Susanna Hla Hla Soe, director of the Karen Women’s Empowerment Group, spoke to DVB's Feliz Solomon about the continued use of rape as a tool of war in Burma. (Photo: Jessica Mudditt)

By Feliz Solomon 
June 30, 2014

As Burma moves to resolve six decades of civil conflict, reports continue of sexual violence in ethnic territories. Women’s support and advocacy groups continue to accuse the Burmese military of using rape as a tool of war; more than 70 cases — about half of them fatal — have been reported since 2011.

In early June, the Burmese government took one step towards ending military rape, when they signed the United Nations’ Declaration of Commitment to End Sexual Violence in Conflict. But not everyone believes that the measure was sincere. Critics say that the government has not advanced a plan to train the military in gender sensitivity, enforce laws about sex crimes, or provide support for survivors. Some have even called the move “a PR exercise”.

A delegation of women and one government official from Burma attended an international summit on sex crimes in conflict earlier this month, hosted by the British government. Upon her return to Rangoon, DVB spoke with Susanna Hla Hla Soe, director of the Karen Women’s Empowerment Group, about the promises made and the root causes of sexual violence.

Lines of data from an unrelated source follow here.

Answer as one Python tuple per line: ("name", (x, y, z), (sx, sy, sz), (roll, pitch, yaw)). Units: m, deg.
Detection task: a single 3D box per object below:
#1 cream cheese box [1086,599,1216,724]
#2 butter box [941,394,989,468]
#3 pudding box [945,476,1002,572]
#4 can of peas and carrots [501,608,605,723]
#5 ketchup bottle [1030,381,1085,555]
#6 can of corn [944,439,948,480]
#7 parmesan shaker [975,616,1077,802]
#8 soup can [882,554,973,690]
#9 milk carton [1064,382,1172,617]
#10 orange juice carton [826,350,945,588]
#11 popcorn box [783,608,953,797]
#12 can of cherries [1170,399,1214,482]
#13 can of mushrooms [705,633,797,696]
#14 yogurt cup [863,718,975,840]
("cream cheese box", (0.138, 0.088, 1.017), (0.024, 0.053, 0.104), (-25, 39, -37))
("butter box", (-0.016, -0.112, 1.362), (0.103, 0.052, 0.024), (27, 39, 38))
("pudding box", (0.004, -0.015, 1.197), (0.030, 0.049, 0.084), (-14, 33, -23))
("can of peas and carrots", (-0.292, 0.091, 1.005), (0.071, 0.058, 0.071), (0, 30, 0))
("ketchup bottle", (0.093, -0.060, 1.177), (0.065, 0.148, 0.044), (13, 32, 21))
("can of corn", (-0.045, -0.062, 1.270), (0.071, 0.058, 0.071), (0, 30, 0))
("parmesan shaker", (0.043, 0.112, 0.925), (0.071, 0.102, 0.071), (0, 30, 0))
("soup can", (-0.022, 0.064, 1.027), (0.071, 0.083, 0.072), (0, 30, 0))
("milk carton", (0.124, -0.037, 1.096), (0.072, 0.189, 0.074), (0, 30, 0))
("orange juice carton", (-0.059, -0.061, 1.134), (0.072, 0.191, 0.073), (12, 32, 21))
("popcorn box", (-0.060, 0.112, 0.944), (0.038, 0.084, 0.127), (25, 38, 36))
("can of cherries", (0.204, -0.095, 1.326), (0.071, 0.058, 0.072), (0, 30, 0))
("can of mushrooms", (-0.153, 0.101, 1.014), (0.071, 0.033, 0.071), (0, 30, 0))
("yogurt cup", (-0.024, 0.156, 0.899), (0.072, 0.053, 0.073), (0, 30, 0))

Q: Now that the Burmese government has signed the UN’s Declaration on Sexual Violence in Conflict, what plans have they put forth to implement it?

A: The government has endorsed the agreement. When we spoke with Burma’s deputy minister of foreign affairs at the summit, he said that he will come back [to Burma] and meet with the government to talk about implementation. He said that success will require collaboration with civil society organisations; that is crucial.

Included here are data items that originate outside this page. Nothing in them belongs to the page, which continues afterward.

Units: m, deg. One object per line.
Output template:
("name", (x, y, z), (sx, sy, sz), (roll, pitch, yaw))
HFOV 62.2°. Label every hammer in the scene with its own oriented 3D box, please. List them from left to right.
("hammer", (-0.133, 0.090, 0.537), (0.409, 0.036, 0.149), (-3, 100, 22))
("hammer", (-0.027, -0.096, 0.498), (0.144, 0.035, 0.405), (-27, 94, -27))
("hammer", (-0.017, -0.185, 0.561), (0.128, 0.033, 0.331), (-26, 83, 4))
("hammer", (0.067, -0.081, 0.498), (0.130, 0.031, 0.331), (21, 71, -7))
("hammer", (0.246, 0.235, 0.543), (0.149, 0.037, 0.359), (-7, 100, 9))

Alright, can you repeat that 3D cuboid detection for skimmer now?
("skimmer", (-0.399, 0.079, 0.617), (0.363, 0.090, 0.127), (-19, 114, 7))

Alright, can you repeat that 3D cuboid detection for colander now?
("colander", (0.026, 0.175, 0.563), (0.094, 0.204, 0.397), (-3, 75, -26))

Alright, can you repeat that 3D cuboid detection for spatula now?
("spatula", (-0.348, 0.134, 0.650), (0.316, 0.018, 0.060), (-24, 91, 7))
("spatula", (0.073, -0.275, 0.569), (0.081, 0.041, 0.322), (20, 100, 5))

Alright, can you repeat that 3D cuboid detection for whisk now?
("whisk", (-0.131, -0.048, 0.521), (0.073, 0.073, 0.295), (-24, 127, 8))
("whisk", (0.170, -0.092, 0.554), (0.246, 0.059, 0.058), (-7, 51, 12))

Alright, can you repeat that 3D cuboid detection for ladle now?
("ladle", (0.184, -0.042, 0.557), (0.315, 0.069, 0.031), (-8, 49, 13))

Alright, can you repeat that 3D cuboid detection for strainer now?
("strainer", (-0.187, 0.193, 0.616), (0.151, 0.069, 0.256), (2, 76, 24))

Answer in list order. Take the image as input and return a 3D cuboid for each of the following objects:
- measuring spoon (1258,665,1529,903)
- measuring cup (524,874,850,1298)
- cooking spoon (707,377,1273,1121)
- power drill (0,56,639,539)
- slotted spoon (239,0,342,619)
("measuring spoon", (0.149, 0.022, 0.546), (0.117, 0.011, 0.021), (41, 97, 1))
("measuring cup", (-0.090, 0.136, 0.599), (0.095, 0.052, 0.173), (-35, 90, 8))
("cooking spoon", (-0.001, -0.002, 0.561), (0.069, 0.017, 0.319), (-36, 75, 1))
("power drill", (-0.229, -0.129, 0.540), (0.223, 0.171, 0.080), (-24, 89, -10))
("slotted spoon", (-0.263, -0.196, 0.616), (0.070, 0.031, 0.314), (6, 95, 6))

So we welcome this and we are happy. But what we don’t want is for this to be like other agreements, such as CEDAW [Committee on the Elimination of Discrimination against Women]. It was signed 17 years ago and nothing has happened. We don’t want this to happen again, so we really encourage and support the government to take this up – to make sure they stop sexual violence in conflict.

Q: Could you explain why impunity is such a huge problem in Burma’s ethnic territories?

A: Sexual violence is used systematically, and the main problem is the law. There is zero law enforcement on these cases. They excuse it, every time. They say, ‘We, the military have our own law, our own institutions. So don’t worry, we can handle it by ourselves.’ It’s a kind of impunity.

The military needs to be controlled; they should be under civilian control.

Q: What is the role of women in Burma’s peace process? Is there enough representation?

A: Enough? No.

We rarely see women’s participation in the peace process. There is some in Karen, Karenni and Mon [states], but in other cases, we don’t see any women participating in the peace process.

Q: What message would you like to bring back to the women of Burma, following the summit in London?

A: Only one person at the summit talked about the root cause of the problem. It is militarisation. Leymah Gbowee, the Nobel peace prize winner, was the only one to mention the root cause. The others, they didn’t talk about it.

People are using all these polite words. The top leaders talk, they comment, but we’re not clear about the mechanisms, how they will bring justice to the victims. During the summit, we mostly heard from very big organisations, like INGOs and the UN. They’re on the panels; they talk; they use the best words. But we shouldn’t forget the capacity of local organisations. They live with the community, they know the real problems.